At present, most scholars believe that NP problems really include P problems and have intersections with NP-Hard problems. The intersection is the NPC problem
Figure 0
1. Proof of NP
First of all, for any NP problem, it can be an NPC problem, but if you give us a problem alone, it is really difficult for us to prove that it is an NPC problem, so we take tricks. Remember this problem as Y, first prove that this problem is an NP problem
2. Structure
Find an NPC problem, record it as X, prove: X ≤ PY
3. Sufficient
and Necessity of Solution Prove: X has solution if and only if Y has solution
Example
According to the difficulty, I provide two examples of problem solving for your reference.
1.
If you plan to arrange courses for this semester and want to ensure that the number of conflicting courses does not exceed K. You have 3 inputs: C={…},S={…},R={
{…},{…},…}. C is a collection of different courses, S is the time interval available for all courses, and R is the student’s requirement, which contains the collection of courses that each student wants to learn (for example, there are two people, one wants to learn A, one wants to learn B, then R={
{A},{B}}). When two courses are arranged in the same time interval and conflict (even if there is a student who wants to learn both), it proves that the problem is an NPC problem
1. First of all, for any time schedule (as a certificate. In fact, most certificates can be chosen at will, such as your friend's name, although it sounds very outrageous). We traverse the requirements of all students, check whether their requirements conflict, and count the number of conflicts. Finally, check whether the total is less than K. The above steps can be completed in polynomial time. (It is strongly recommended to write each step separately, and then write the respective complexity) So this problem is NP. (To prove that the polynomial is solvable in time, most of the time we choose the most stupid method, namely traversal, and then prove that the traversal is polynomial time)
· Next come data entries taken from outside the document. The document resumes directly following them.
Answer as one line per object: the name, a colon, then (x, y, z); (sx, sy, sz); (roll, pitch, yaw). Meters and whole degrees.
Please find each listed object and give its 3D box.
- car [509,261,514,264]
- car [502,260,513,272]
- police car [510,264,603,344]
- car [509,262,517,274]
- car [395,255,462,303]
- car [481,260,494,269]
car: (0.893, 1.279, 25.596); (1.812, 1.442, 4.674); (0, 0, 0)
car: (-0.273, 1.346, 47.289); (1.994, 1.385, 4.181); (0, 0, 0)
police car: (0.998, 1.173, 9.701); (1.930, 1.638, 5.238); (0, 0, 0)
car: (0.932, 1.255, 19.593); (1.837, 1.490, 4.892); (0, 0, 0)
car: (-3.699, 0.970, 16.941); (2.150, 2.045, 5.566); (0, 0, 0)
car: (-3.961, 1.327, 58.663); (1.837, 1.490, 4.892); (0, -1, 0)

2. We choose the three-color problem (3-Color problem. Give a picture, color points with three colors, and find a coloring scheme to make any two adjacent points different colors) as the NPC problem selected in this question. For any three-coloring scheme, remember this picture as G, we construct the example under this question: let each point represent a course, construct C; let (u, v) represent a student with u, v in the requirement, Construct R; let us use the color to represent the time gap, construct S; finally, set K to 0
3. We prove that G is the correct three-color scheme, if and only if (C,S,R,K) is the correct solution to this problem:
LHS->RHS: If G is the correct three-color scheme, then follow the course Arrange them in different colors. Because for any edge (u, v), u and v will be colored by different colors, so for each student, his requirements will not be arranged in the same time interval, which also means that this scheme is feasible of
RHS->LHS: If (C, S, R, K) is the solution to this problem, then the points in G are colored according to their time gaps. Because K=0, then for all students, there is no conflict between their requirements. This means that for each edge (u, v), u and v will not be colored by the same color. So this is a correct staining scheme for the triple staining problem.
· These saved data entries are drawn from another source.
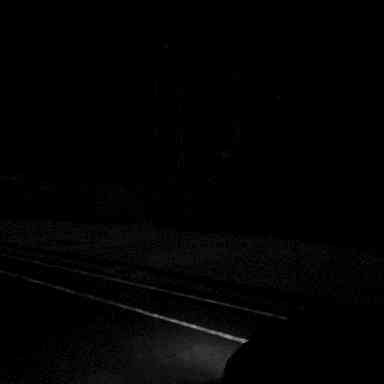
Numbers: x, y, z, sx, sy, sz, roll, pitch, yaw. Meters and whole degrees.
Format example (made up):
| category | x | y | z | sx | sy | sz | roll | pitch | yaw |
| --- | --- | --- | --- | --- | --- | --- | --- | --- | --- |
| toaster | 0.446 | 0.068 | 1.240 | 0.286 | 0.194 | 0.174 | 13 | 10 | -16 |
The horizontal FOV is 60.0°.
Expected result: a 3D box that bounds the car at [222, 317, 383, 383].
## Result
| category | x | y | z | sx | sy | sz | roll | pitch | yaw |
| --- | --- | --- | --- | --- | --- | --- | --- | --- | --- |
| car | 2.458 | 1.504 | 1.933 | 4.892 | 1.490 | 1.837 | -1 | 0 | 36 |

In summary, this problem is an NPC problem
Isn't it a bit embarrassing to see it? This is a difficult question in my homework, so don’t be discouraged. I will give you a simple question below.
二、4-COLOR
Given an undirected graph and four different colors, can we provide a coloring scheme to make adjacent points have different colors? Prove that the 4-COLOR problem is an NPC problem
1. Assuming any coloring scheme is given, first assign this scheme to G (O(|V|), V represents the number of vertices of G), we traverse this scheme in the graph, and every time a point is traversed, we judge Whether it has the same color as its neighbors, since the degree of each point is at most |V-1|, the complexity of this step is O(|V-1||V|). So this problem can be solved in polynomial time given the certificate.
Figure 1
Actually, it is enough to have this picture, but to be on the safe side, let me explain it for everyone. Add a point (θ(1)), assign this point to the fourth color (θ(1)), and set This point is all connected with the points in G (θ(|V|)), we get a four-color example
3.
LHS->RHS: If the three-color example is true, then add the new point v to G to get A four-staining scheme
RHS->LHS: If the four-coloring example is true, delete v and the edge of it and G to get a three-coloring.
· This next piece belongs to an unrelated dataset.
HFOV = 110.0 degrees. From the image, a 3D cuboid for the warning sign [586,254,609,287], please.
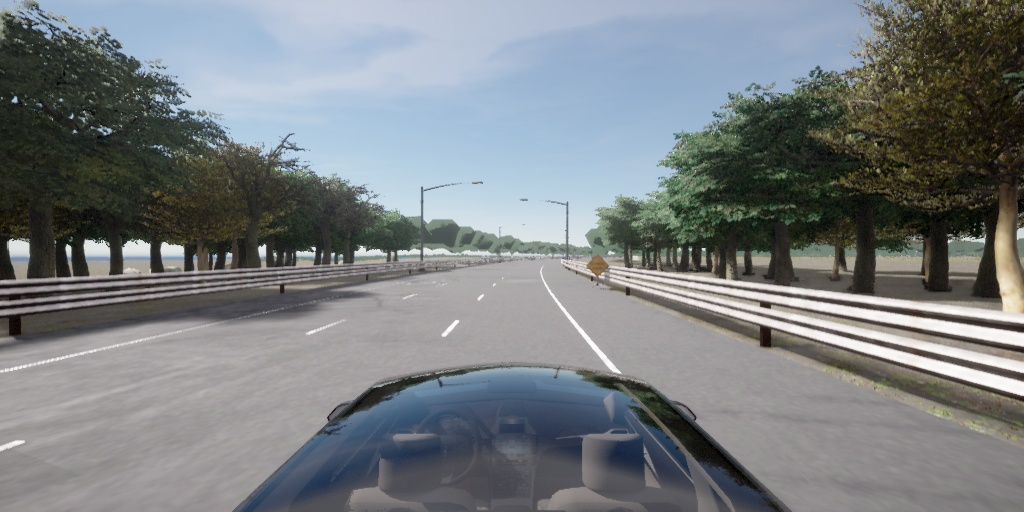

The above is the Chinese version of my homework, but as a qualified CS major, I suggest you read more English materials. I put the original version of my homework below for your reference
Figure 2
Problem-making experience
I suggest that you prepare a few more NPC questions when doing similar questions and preparing for the exam. After all, although all NP questions can be reduced to NPC questions, the difficulty of reduction is obviously different.
Figure 3
The common ones are independent set, set cover, vertex cover, Hamilton road, circuit satisfiability problem (circuit set, the oldest NPC problem), clique, Traveling salesman problem, subset sum problem (subset sum), 3-SAT (the most classic NPC problem), three-coloring problem (3-C), and some other blablabla
Figure 4
Figure 5 3-SAT
Analysis
Generally speaking, the decision problem is weaker than the search problem, and the search problem is weaker than the optimization problem. But these three have no insurmountable boundaries. The following introduces an example.
First, let’s introduce the vertex cover. Given a G=(V,E) and an integer k, a vertex cover of size k of G means that there is a subset of k points. For any edge in G, there is a point inside this subset (cover all edges with points)
Figure 6
As in this graph, there is a vertex cover of size 4 (white point set).
Back to my thoughts In the example to be talked about: for graph G
1) Decision problem: whether there is a vertex cover less than or equal to k
2) Search problem: find a vertex cover less than or equal to k
3) Optimal problem: find the smallest vertex cover
First of all, obviously, if there is a solution to 3), then 2) and 1) can be solved easily, and if there is a solution to 2), then 1) has a solution. Let's think about these three issues carefully. Maybe the gap between them is not that big.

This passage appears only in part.